Ini juga digarisbawahi Sekretaris Umum PP Muhammadiyah Dr Abdul Mu’ti. Menurutnya, Islam juga tidak melarang ashabiyah yang positif. Yang tidak boleh adalah sikap arogansi karena kebencian dan supremasi rasial, ekonomi, atau agama. Supremasi dan kebencian itulah yang menimbulkan masalah rasisme, phobia, dan perilaku negatif lainnya. Cara membangun relasi positif ini adalah dengan saling menghormati, bekerjasama, dan terbuka. Selain itu juga harus ada ikatan dan rasa tanggung jawab untuk memajukan masyarakat/bangsa dan negara di mana mereka berada.

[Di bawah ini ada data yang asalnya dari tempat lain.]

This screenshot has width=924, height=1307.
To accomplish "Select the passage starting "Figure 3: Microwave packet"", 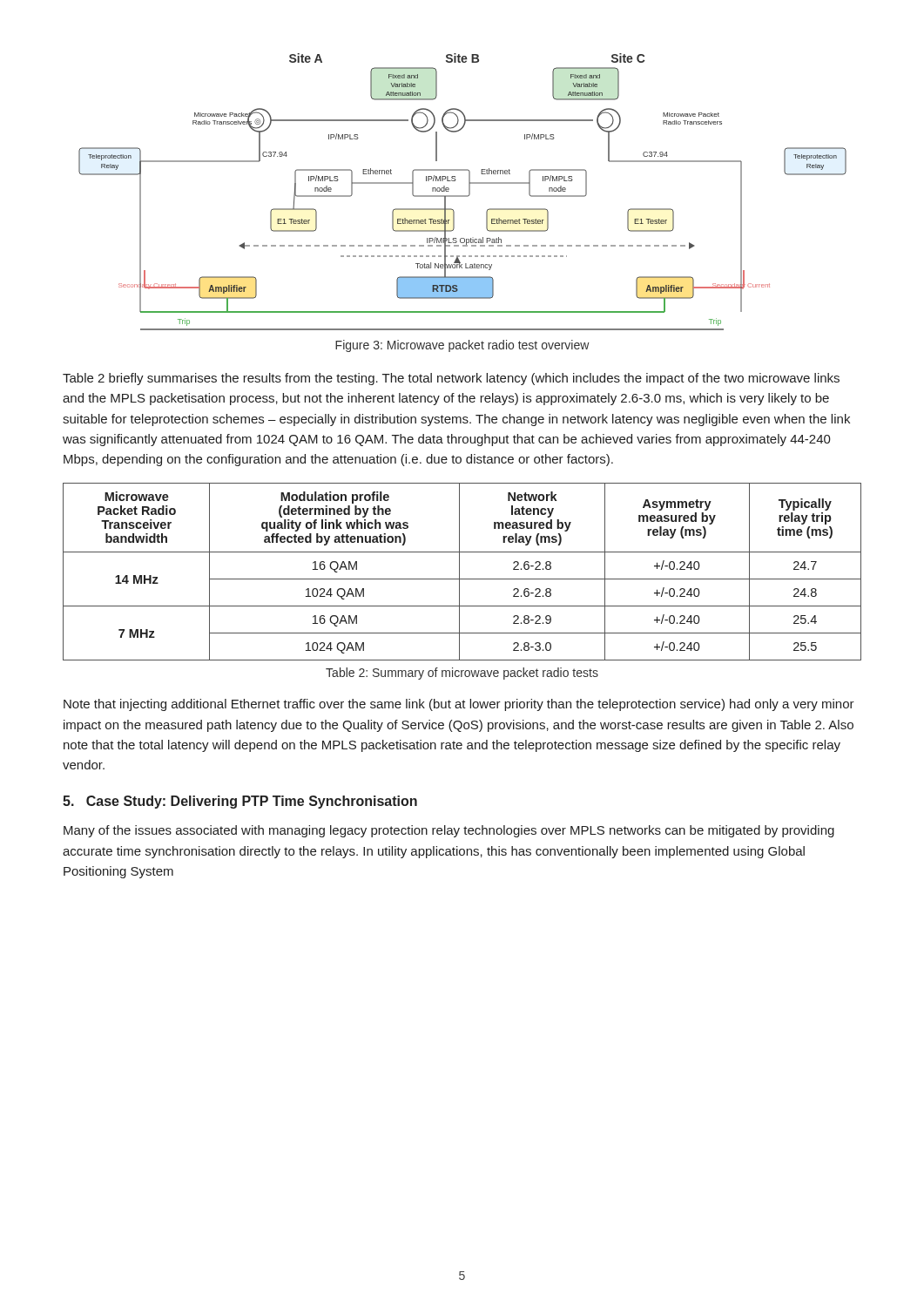I will [462, 345].

Untuk penguatan negara bangsa ini, Muktamar Muhammadiyah ke-47 di Makassar telah menghasilkan keputusan resmi yang penting dan strategis. Salah satunya tentang negara Pancasila sebagai darul ahdi wa syahadah. Ini merupakan sikap, keyakinan dan komitmen kebangsaan persyarikatan Muhammadiyah terhadap Negara Kesatuan Republik Indonesia (NKRI). (tulisan eff, bahan th, gsh, lut, ribas)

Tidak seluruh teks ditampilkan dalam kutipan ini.